Total papers per year
By 苏剑林 | Nov 13, 2015
The author has successfully been recommended for admission to the Pure Mathematics graduate program at Sun Yat-sen University. While this major is quite theoretical, I will continue to maintain my interest in data analysis, computer science, and other fields. Recently, I felt inspired to conduct research combining my major with data mining. Therefore, I crawled math papers from ARXIV for the past five years (2010 to 2014), including data such as titles, categories, years, and months, to perform a simple analysis of the "market" of mathematics in recent years. Personally, I believe that as ARXIV is currently the world's largest electronic database for preprints of scientific papers, analyzing its data can lead to conclusions that are representative to a certain extent.

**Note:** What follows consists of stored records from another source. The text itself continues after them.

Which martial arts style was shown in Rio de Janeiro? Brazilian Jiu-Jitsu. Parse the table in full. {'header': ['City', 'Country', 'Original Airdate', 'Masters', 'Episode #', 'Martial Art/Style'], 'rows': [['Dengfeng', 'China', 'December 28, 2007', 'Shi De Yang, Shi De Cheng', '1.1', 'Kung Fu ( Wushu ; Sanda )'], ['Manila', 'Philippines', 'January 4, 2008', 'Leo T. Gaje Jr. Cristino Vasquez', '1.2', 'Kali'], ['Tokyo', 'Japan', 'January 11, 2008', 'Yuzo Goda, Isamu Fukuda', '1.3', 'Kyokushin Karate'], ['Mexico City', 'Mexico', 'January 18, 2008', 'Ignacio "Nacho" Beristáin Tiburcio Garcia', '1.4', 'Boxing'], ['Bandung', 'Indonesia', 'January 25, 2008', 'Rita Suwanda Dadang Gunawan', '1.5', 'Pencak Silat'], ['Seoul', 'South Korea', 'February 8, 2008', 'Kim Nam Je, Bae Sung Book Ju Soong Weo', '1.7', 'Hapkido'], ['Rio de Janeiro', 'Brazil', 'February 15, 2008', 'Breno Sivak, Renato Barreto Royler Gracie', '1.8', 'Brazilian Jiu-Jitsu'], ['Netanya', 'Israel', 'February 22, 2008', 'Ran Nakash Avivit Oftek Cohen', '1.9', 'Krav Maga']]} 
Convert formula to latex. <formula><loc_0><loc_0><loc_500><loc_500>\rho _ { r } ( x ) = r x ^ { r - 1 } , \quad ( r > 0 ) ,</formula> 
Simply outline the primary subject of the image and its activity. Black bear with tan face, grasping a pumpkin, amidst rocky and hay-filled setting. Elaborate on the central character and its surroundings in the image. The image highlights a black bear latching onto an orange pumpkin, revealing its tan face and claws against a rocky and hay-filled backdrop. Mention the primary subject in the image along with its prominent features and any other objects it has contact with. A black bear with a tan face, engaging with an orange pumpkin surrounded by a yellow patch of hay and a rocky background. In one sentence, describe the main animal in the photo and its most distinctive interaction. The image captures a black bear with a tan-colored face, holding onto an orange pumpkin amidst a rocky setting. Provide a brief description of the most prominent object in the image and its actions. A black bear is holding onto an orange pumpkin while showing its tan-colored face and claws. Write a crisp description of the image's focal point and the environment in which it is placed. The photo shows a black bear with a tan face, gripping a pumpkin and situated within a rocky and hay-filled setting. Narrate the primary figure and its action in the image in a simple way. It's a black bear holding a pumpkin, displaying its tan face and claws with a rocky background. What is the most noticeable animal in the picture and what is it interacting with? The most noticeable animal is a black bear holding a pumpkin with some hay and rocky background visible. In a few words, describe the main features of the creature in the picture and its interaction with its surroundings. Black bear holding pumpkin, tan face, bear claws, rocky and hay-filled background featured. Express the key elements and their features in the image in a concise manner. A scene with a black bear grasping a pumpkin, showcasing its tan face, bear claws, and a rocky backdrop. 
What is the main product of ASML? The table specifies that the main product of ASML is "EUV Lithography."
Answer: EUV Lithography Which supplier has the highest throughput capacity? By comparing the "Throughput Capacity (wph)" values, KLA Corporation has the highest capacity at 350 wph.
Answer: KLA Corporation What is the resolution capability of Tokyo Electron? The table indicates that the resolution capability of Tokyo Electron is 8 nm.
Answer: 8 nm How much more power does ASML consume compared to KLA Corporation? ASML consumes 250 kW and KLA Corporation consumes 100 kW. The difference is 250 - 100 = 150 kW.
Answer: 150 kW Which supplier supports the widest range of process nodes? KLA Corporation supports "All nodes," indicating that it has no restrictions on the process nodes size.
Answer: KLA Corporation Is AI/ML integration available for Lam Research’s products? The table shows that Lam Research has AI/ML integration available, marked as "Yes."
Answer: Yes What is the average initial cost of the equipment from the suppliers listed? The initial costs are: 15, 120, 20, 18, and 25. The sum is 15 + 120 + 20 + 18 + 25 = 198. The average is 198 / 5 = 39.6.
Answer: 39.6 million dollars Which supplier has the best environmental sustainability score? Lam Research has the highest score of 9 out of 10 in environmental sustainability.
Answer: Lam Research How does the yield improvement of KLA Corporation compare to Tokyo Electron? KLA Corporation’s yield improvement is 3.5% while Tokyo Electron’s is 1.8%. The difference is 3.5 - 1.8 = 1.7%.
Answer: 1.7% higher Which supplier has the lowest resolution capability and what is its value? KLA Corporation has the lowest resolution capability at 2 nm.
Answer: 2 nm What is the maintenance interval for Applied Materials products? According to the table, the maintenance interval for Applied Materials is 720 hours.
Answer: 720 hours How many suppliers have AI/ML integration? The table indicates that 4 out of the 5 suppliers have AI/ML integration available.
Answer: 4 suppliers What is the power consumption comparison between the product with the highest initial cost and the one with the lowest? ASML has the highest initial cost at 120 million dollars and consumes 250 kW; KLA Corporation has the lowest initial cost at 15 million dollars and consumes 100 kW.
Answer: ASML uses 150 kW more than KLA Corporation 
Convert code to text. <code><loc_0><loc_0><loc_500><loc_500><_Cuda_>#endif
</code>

Of course, this article is intended as a practice piece for web crawling and basic data analysis, and it hasn't excavated particularly high-value information. At the end of the post, I've attached the data I crawled for interested readers to further analyze and study.
Over these five years, the total number of math papers on ARXIV was 135,009, averaging 27,000 papers per year, or 74 papers per day.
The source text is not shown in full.